Friday, November 23, 2007

Small Funds are Growing 1997

1997

A study by Strategic Insight, a fund consultancy in New York, found that small- to medium-sized American management companies have grown their assets much faster during the 1990s bull market than the industry's behemoths have done.

The assets of the 18 managers that had $10 billion or more under management in December 1990 rose by 273 percent through January, slightly more than the growth in the American stock market.

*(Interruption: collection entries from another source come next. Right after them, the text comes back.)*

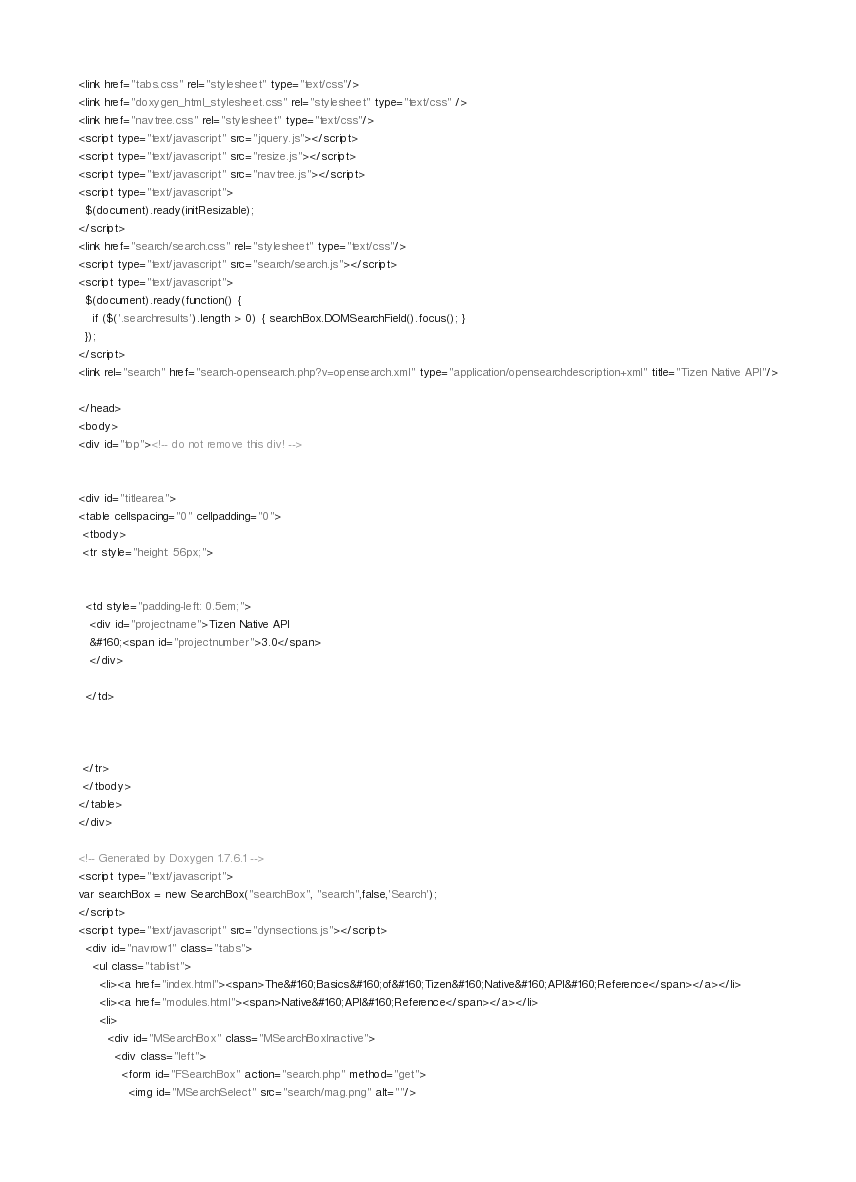Convert code to text. <code><loc_0><loc_0><loc_500><loc_500><_HTML_><link href="tabs.css" rel="stylesheet" type="text/css"/>
<link href="doxygen_html_stylesheet.css" rel="stylesheet" type="text/css" />
<link href="navtree.css" rel="stylesheet" type="text/css"/>
<script type="text/javascript" src="jquery.js"></script>
<script type="text/javascript" src="resize.js"></script>
<script type="text/javascript" src="navtree.js"></script>
<script type="text/javascript">
  $(document).ready(initResizable);
</script>
<link href="search/search.css" rel="stylesheet" type="text/css"/>
<script type="text/javascript" src="search/search.js"></script>
<script type="text/javascript">
  $(document).ready(function() {
    if ($('.searchresults').length > 0) { searchBox.DOMSearchField().focus(); }
  });
</script>
<link rel="search" href="search-opensearch.php?v=opensearch.xml" type="application/opensearchdescription+xml" title="Tizen Native API"/>

</head>
<body>
<div id="top"><!-- do not remove this div! -->


<div id="titlearea">
<table cellspacing="0" cellpadding="0">
 <tbody>
 <tr style="height: 56px;">
  
  
  <td style="padding-left: 0.5em;">
   <div id="projectname">Tizen Native API
   &#160;<span id="projectnumber">3.0</span>
   </div>
   
  </td>
  
  
  
 </tr>
 </tbody>
</table>
</div>

<!-- Generated by Doxygen 1.7.6.1 -->
<script type="text/javascript">
var searchBox = new SearchBox("searchBox", "search",false,'Search');
</script>
<script type="text/javascript" src="dynsections.js"></script>
  <div id="navrow1" class="tabs">
    <ul class="tablist">
      <li><a href="index.html"><span>The&#160;Basics&#160;of&#160;Tizen&#160;Native&#160;API&#160;Reference</span></a></li>
      <li><a href="modules.html"><span>Native&#160;API&#160;Reference</span></a></li>
      <li>
        <div id="MSearchBox" class="MSearchBoxInactive">
          <div class="left">
            <form id="FSearchBox" action="search.php" method="get">
              <img id="MSearchSelect" src="search/mag.png" alt=""/></code> 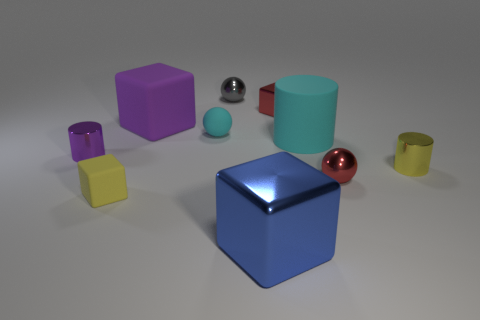What is the color of the cylinder left of the small matte cube?
Offer a terse response. Purple. There is a metal sphere left of the small red sphere; is its size the same as the rubber cube that is behind the yellow metal cylinder?
Your response must be concise. No. What number of things are either yellow shiny objects or small metal balls?
Ensure brevity in your answer.  3. There is a tiny yellow thing that is to the left of the big block that is in front of the cyan matte sphere; what is its material?
Offer a very short reply. Rubber. What number of other large things have the same shape as the gray metal object?
Keep it short and to the point. 0. Is there a large block of the same color as the tiny matte sphere?
Offer a terse response. No. How many things are gray metal objects behind the yellow shiny cylinder or large cyan cylinders that are to the right of the small purple cylinder?
Offer a terse response. 2. Are there any cylinders that are in front of the big thing that is in front of the cyan matte cylinder?
Offer a very short reply. No. There is a red thing that is the same size as the red cube; what shape is it?
Your answer should be compact. Sphere. What number of objects are either red metal things behind the yellow metal thing or small red blocks?
Your response must be concise. 1. 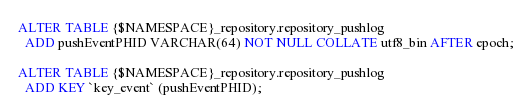<code> <loc_0><loc_0><loc_500><loc_500><_SQL_>ALTER TABLE {$NAMESPACE}_repository.repository_pushlog
  ADD pushEventPHID VARCHAR(64) NOT NULL COLLATE utf8_bin AFTER epoch;

ALTER TABLE {$NAMESPACE}_repository.repository_pushlog
  ADD KEY `key_event` (pushEventPHID);
</code> 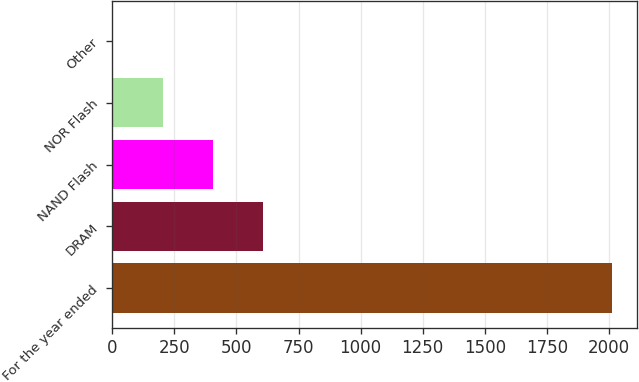<chart> <loc_0><loc_0><loc_500><loc_500><bar_chart><fcel>For the year ended<fcel>DRAM<fcel>NAND Flash<fcel>NOR Flash<fcel>Other<nl><fcel>2014<fcel>605.6<fcel>404.4<fcel>203.2<fcel>2<nl></chart> 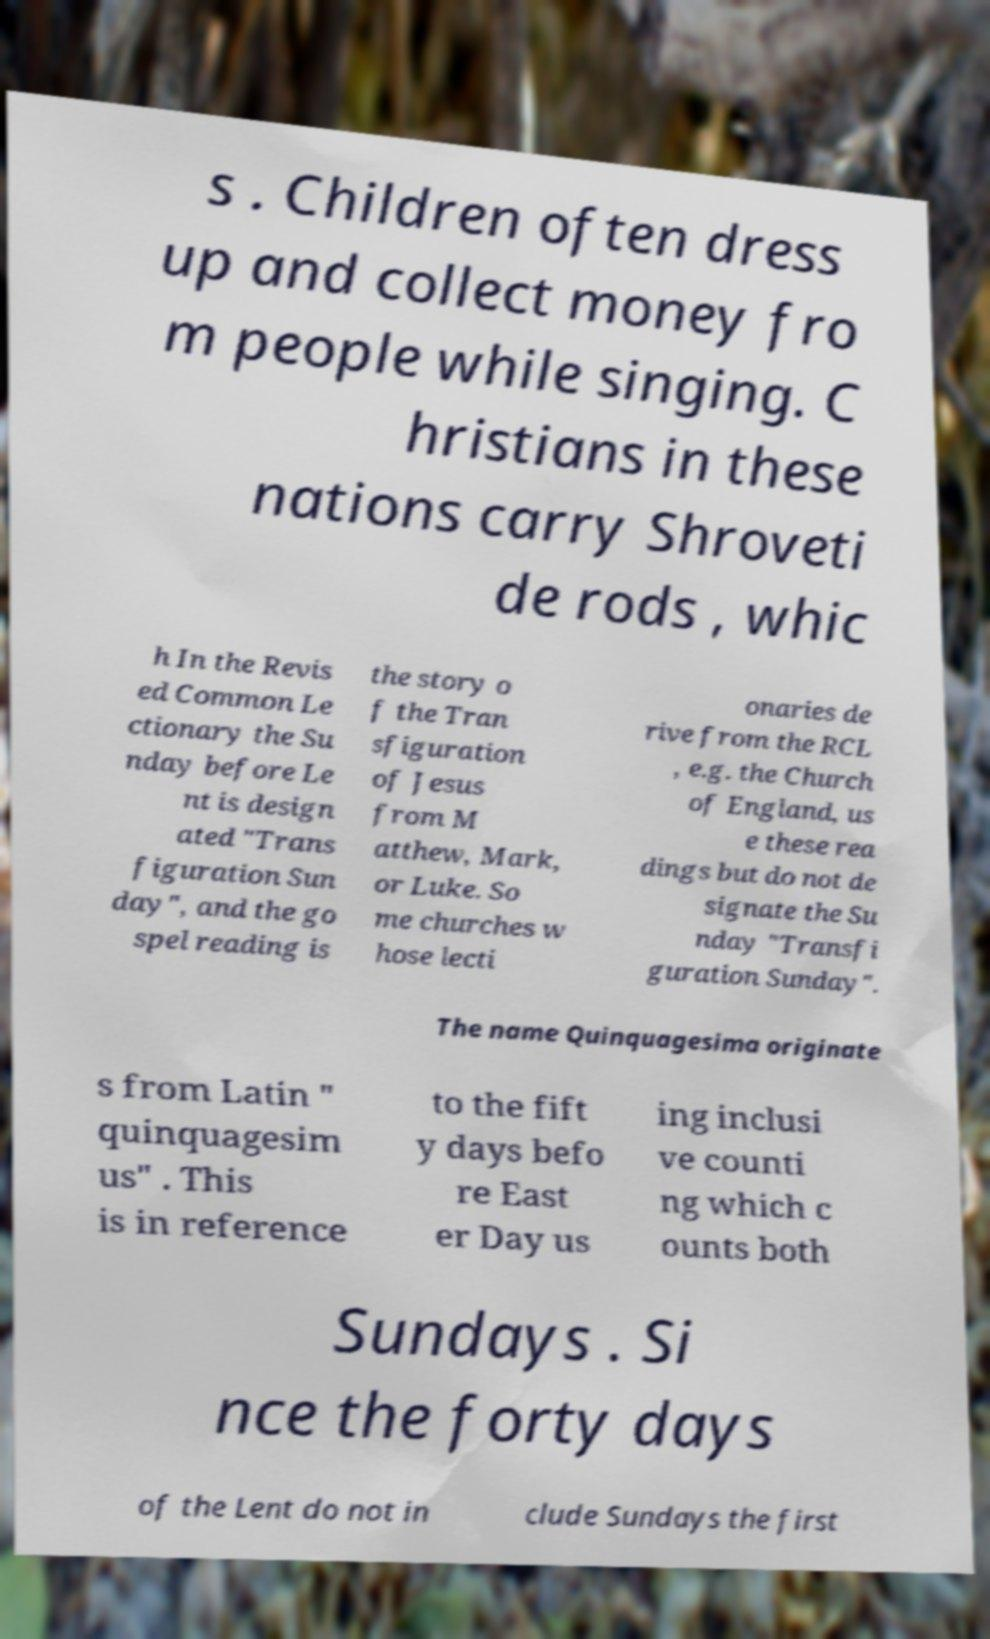Can you read and provide the text displayed in the image?This photo seems to have some interesting text. Can you extract and type it out for me? s . Children often dress up and collect money fro m people while singing. C hristians in these nations carry Shroveti de rods , whic h In the Revis ed Common Le ctionary the Su nday before Le nt is design ated "Trans figuration Sun day", and the go spel reading is the story o f the Tran sfiguration of Jesus from M atthew, Mark, or Luke. So me churches w hose lecti onaries de rive from the RCL , e.g. the Church of England, us e these rea dings but do not de signate the Su nday "Transfi guration Sunday". The name Quinquagesima originate s from Latin " quinquagesim us" . This is in reference to the fift y days befo re East er Day us ing inclusi ve counti ng which c ounts both Sundays . Si nce the forty days of the Lent do not in clude Sundays the first

Smaller managers — those with assets in 1990 between $500 million and $3 billion — did much better, increasing their size by 399 percent.

An obituary for smaller funds had been written in October 1995 by researchers at Goldman, Sachs & Co. who said that "there are too many management companies relative to the flow of available new assets" and that large companies had the best hope of thriving in that environment.

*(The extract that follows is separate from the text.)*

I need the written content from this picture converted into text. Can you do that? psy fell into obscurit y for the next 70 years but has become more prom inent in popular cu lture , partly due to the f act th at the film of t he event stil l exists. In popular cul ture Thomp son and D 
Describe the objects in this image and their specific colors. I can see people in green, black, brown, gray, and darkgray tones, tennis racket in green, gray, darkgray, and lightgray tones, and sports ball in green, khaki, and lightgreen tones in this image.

The Strategic Insight study indicates that it is not working that way. "Manager size or parent-company resources do not consistently correlate with net inflows and asset growth," a summary says. "So far, the entrepreneurial and creative nature of the business has allowed many small companies to be very successful."

One creative marketing strategy is the so-called fund supermarket, such as the Mutual Fund Marketplace operated by Charles Schwab & Co., which allows account holders to buy funds from a number of managers over the phone and without sales charges. Some of the fastest-growing fund families on the Strategic Insight list of small managers participate in the Schwab program.

Small companies are benefiting from another trend in the business: outsourcing. Diana Mackay, managing director in Europe for Lipper Analytical Services, said a big U.S. fund manager will often look to another company to run a portion of its assets. Because of this, she said, management talent is not concentrated at a few companies. In Europe, by contrast, the attitude among portfolio managers is that you either work at a big bank or you work nowhere. "It has a lot to do with the old approach in the industry," she said, "the need for banks to offer all products and services."